Na 10-lecie straży naczelnik Wilczyński otrzymał z rąk Dymitra Spirydonowa hełm i toporek, które do dziś są pieczołowicie przechowywane, jako insygnia przekazywane następnym naczelnikom. Straż już posiadała 7-osobową orkiestrę, której kapelmistrzem był Apolinary Sulewski, niezwykle zdolny muzyk. Strażacy dysponowali XIX w. szopą, zwaną wozownią, w której obecnie mieści się Muzeum Pożarnictwa, kiedyś to było miejsce ćwiczeń i przechowalnia sprzętu. W szopie tej powstał teatr i świetlica, gdzie odbywały się imprezy kulturalne, przedstawienia teatralne oraz zabawy ludowe organizowane przez strażaków i społeczeństwo. Tuż obok znajdował się ogród spacerowy – salon Szczuczyna – po którym przechadzały się panie w eleganckich kreacjach oraz panowie we frakach.
– A przygrywała im m.in. wspomniana orkiestra strażacka, która w swym repertuarze miała głównie utwory polskie. To jej wkład w utrzymanie polskości – dodaje prezes Robert Łepkowski. – Należy dodać, że Szczuczyn to był tygiel wyznaniowy, mieszkali tu zarówno Polacy, Żydzi, jak i Luteranie, Tatarzy, Kozacy, Rosjanie, Cyganie.
– Co warte zauważenia, wspierali się i żyli w zgodzie współtworząc nasze miasto, bez uprzedzeń wyznaniowych czy narodowościowych – dodaje Janusz Siemion.
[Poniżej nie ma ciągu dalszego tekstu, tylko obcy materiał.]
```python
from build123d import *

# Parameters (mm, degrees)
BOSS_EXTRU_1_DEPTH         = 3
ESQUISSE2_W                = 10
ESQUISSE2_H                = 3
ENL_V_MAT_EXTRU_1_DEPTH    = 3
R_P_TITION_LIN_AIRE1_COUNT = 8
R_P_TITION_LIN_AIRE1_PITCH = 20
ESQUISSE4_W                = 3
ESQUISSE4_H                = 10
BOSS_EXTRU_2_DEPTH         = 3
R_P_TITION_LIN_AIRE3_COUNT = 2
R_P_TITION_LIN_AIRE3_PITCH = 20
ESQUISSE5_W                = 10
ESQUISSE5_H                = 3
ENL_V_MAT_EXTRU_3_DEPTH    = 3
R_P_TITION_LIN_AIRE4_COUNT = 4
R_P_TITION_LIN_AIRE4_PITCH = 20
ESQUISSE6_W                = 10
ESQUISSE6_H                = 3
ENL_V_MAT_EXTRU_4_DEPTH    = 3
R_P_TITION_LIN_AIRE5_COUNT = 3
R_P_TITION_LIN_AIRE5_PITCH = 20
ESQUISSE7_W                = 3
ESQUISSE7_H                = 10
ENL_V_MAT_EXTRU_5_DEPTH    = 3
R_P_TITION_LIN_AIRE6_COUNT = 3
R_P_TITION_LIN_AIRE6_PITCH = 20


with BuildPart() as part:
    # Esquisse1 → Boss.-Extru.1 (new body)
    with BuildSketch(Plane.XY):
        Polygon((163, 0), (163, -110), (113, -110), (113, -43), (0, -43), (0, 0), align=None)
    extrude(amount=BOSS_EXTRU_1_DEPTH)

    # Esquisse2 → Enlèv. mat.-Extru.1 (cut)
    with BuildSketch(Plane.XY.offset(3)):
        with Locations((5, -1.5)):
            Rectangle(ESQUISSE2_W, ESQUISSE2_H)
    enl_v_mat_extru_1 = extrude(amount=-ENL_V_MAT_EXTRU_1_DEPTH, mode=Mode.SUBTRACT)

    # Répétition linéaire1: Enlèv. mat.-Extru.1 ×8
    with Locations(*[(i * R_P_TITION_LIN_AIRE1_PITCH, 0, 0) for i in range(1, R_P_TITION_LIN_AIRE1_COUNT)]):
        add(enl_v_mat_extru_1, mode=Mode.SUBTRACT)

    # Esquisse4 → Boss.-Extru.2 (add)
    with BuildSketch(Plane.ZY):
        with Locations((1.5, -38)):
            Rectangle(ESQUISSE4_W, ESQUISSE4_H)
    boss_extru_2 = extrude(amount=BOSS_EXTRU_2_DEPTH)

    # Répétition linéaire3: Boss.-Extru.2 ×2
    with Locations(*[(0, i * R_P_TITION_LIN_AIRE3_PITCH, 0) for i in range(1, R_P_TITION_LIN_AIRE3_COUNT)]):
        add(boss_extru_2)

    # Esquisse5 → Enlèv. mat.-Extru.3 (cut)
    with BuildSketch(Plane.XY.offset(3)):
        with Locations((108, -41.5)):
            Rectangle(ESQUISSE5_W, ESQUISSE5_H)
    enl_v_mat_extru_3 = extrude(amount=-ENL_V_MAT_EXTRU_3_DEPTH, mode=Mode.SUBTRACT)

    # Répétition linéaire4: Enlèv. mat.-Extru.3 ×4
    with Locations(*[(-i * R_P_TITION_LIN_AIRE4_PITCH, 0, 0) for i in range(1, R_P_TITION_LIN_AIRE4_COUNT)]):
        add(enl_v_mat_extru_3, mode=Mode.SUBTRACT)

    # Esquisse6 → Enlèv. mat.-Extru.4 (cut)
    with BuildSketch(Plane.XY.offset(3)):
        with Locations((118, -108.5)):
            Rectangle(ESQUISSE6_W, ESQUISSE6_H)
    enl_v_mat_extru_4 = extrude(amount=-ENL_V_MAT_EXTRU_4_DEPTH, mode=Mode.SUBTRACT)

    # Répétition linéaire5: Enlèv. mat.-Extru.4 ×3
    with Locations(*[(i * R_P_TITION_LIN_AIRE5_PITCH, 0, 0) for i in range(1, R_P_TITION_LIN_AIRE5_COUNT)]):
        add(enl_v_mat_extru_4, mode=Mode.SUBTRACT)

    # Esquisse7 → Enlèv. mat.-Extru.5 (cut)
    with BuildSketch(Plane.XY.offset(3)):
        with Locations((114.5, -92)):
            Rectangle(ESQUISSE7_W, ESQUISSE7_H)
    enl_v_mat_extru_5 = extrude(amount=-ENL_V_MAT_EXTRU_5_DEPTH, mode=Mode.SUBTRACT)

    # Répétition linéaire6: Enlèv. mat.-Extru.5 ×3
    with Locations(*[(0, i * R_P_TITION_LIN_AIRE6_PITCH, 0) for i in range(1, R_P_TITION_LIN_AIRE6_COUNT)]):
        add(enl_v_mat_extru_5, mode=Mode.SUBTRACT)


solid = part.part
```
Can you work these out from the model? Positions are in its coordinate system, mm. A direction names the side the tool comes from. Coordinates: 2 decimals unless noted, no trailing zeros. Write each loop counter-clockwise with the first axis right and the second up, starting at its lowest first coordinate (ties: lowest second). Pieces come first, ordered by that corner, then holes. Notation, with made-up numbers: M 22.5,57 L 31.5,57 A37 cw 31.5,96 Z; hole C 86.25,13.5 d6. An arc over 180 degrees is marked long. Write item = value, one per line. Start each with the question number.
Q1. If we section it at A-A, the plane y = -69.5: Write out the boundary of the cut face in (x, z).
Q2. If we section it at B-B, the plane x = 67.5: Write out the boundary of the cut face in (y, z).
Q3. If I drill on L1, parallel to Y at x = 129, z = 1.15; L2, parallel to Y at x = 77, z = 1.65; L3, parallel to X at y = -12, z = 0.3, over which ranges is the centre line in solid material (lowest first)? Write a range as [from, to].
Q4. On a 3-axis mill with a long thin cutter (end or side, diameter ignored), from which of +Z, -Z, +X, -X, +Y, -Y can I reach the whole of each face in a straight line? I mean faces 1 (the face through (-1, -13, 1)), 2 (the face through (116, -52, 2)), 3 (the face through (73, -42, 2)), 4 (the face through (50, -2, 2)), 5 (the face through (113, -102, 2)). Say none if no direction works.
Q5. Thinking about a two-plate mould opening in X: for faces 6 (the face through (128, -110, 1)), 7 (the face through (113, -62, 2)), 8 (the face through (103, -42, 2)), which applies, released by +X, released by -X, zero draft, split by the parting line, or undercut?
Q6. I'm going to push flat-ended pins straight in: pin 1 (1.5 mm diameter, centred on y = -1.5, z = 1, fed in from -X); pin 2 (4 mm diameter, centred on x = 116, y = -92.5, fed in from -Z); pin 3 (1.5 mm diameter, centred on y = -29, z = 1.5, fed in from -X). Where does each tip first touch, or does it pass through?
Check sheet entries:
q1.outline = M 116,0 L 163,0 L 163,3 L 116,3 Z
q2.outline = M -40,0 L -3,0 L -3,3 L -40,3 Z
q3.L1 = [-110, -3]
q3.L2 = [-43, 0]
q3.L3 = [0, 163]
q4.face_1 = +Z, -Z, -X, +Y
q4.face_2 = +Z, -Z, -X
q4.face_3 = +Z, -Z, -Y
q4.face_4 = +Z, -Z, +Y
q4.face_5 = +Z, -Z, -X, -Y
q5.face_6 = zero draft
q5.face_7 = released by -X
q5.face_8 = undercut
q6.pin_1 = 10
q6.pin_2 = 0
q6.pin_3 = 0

Początki i pierwsze sukcesy Straży Ogniowej w Szczuczynie
– W 1918 r. straż liczyła zaledwie 20 członków, ta garstka strażaków pod dowództwem dh. Zygmunta Bagińskiego, zmusiła komendę żandarmów do złożenia broni a ze zdobytym orężem rozbroiła placówkę wojskową zdobywając 60 karabinów, amunicję, konie, bryczki i wozy – kontynuuje pan Janusz. – Kolejny sukces, ale już pod wodzą naczelnika Kazimierza Olszewskiego, osiągnęli w 1920 r., gdy objęli miasto ochroną przed bandami bolszewikami rabującymi sklepy i dopuszczającymi się różnych ekscesów.
Szczuczyńska straż przetrwała wojenne zawieruchy, lecz w uszczuplonym składzie, po wyzwoleniu w 1945 r. szybko się odrodziła. Strażacy dostali swój pierwszy samochód Ford Canada, na którym mieścili się prawie wszyscy strażacy. Jednostka otrzymała również motopompę, węże, drabiny, hełmy.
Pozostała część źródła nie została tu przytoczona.